Небо было серое, ветер влажный. Гавань и острова остались позади; за туманной дымкой из поля зрения быстро исчезли берега. Пропитанные влагой хлопья сажи ложились на вымытую палубу, которой никак не удавалось просохнуть. Через какой-нибудь час над нею растянули тент: зарядил дождь.
Закутавшись в пальто, с книгой на коленях, путешественник отдыхал, и часы текли для него неприметно. Дождь перестал, парусиновый тент убрали. Нигде на горизонте ни полоски земли. Под хмурым куполом неба лежал неимоверно огромный диск открытого моря. Но в пустом, нерасчлененном пространстве наши чувства теряют меру времени и мы влачимся в неизмеримом.

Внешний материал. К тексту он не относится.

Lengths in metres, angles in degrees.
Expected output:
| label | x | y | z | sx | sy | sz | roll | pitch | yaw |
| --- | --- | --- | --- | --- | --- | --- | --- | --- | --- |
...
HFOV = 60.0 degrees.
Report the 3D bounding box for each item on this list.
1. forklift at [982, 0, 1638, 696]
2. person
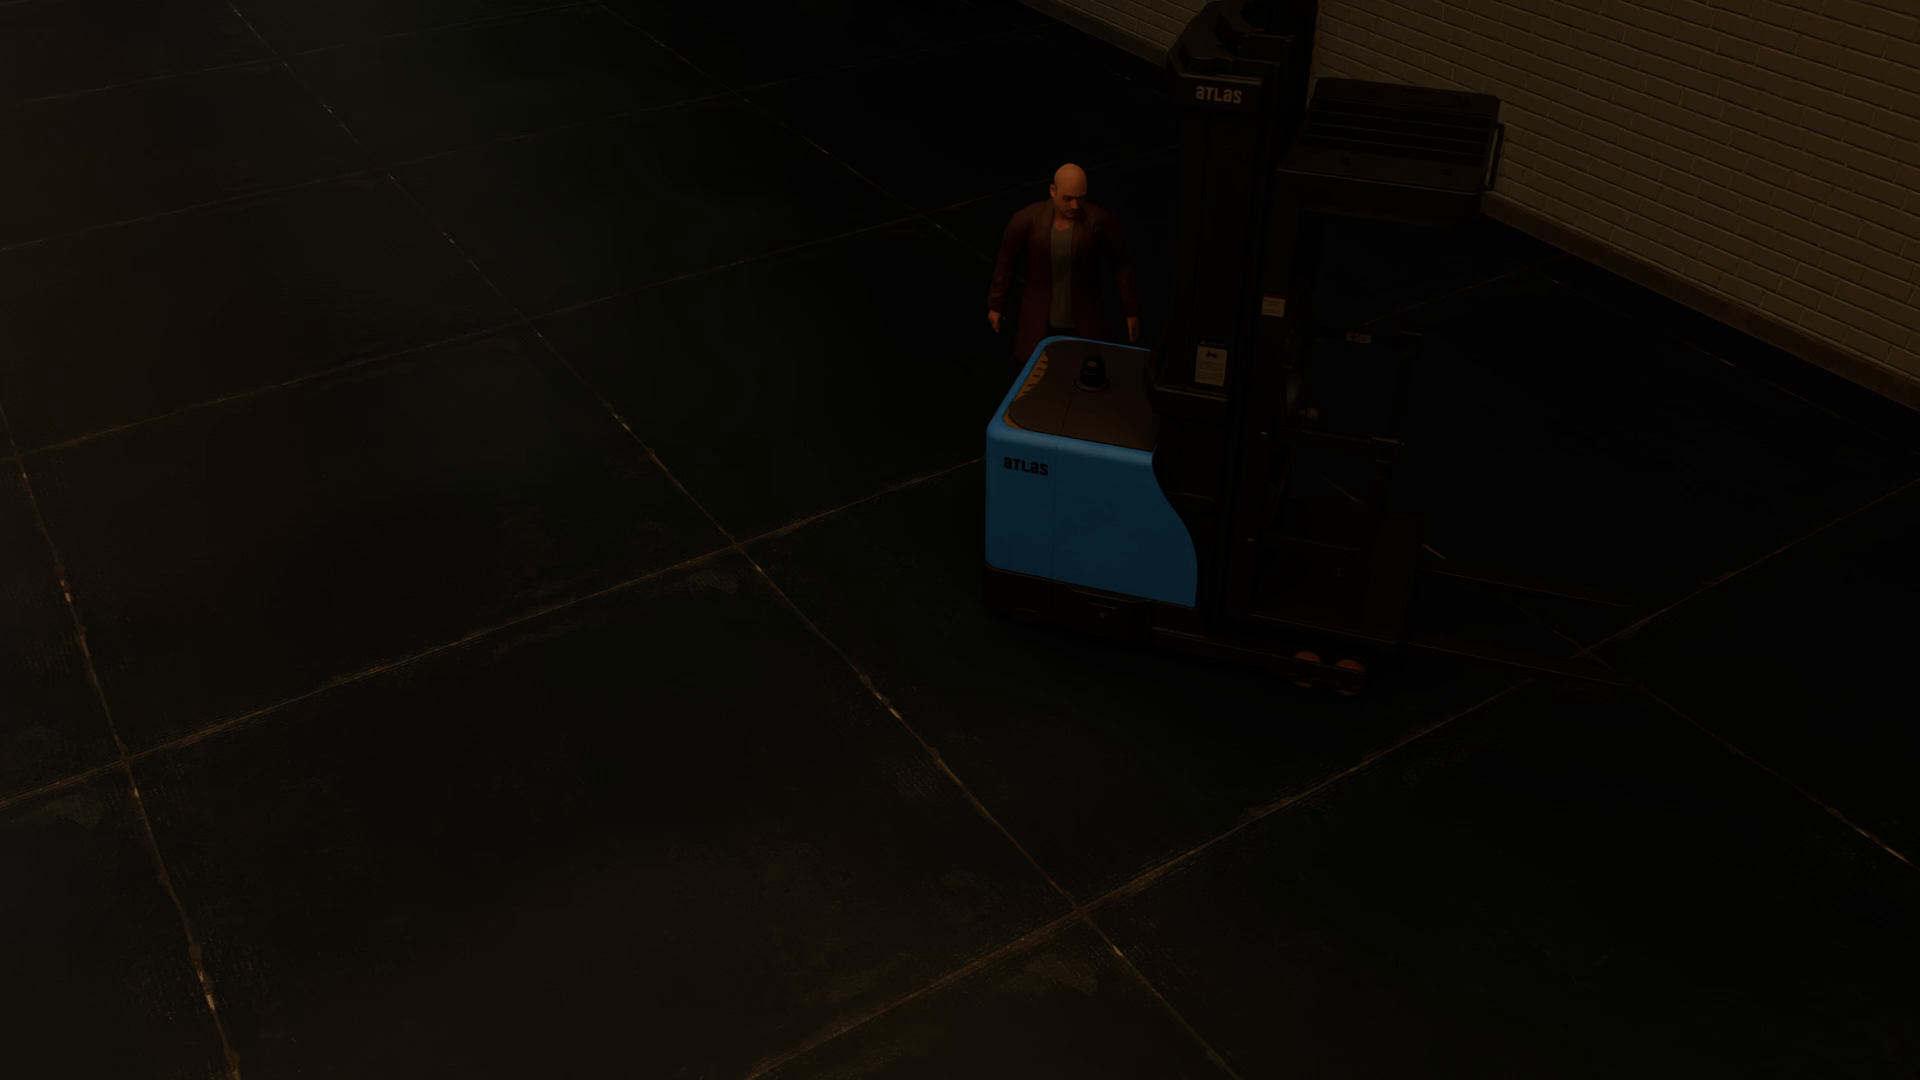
| label | x | y | z | sx | sy | sz | roll | pitch | yaw |
| --- | --- | --- | --- | --- | --- | --- | --- | --- | --- |
| forklift | 1.681 | -0.826 | 7.324 | 3.031 | 2.935 | 1.130 | 11 | 37 | 15 |
| person | 0.571 | -1.196 | 8.882 | 0.878 | 1.751 | 0.422 | 3 | 35 | 4 |

Призрачно странные фигуры, старый фат, козлиная бородка, продавшая ему билет, с расплывчатыми жестами, с нелепыми речами затеснились в мозгу Ашенбаха, и он уснул.
В полдень его повели завтракать в кают-компанию, похожую на коридор, так как в нее выходили двери кают, там в конце длинного стола, во главе которого стоял его прибор, приказчики и старик среди них уже с десяти часов пировали с весельчаком-капитаном. Завтрак был скудный, и Ашенбах быстро покончил с ним. Его тянуло наверх, снова взглянуть на небо: не собирается ли оно просветлеть над Венецией.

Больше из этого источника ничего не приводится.